Input data below:

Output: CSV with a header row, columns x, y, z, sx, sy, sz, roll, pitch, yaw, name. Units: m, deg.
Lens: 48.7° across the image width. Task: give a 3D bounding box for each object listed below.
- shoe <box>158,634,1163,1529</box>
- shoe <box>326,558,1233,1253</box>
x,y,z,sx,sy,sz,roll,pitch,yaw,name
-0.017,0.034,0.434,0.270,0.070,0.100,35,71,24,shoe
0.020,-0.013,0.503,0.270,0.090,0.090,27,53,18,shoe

End of Input data.
Input data below:

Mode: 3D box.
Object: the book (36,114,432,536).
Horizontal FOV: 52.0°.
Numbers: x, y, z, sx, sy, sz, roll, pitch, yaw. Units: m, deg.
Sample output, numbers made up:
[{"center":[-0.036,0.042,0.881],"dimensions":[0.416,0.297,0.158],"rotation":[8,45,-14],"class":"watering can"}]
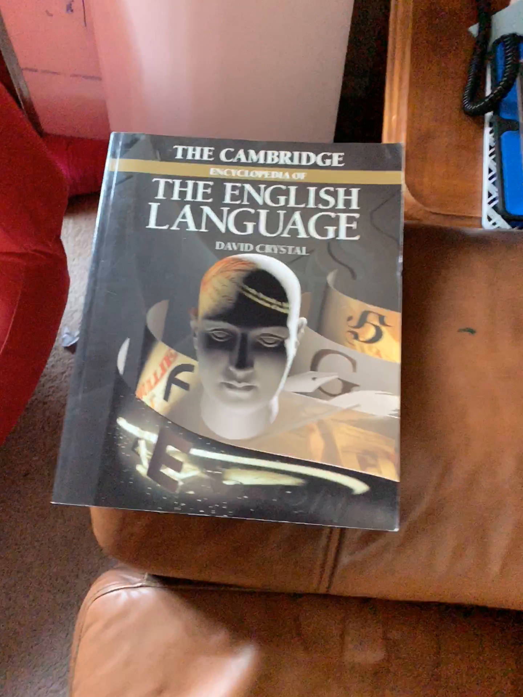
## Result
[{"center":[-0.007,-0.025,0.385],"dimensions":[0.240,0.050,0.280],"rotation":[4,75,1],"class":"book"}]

End of Input data.

Aim of the task: Scan the entries above for the word "Units" and collect each line holding it.

Answer section:
Output: CSV with a header row, columns x, y, z, sx, sy, sz, roll, pitch, yaw, name. Units: m, deg.
Numbers: x, y, z, sx, sy, sz, roll, pitch, yaw. Units: m, deg.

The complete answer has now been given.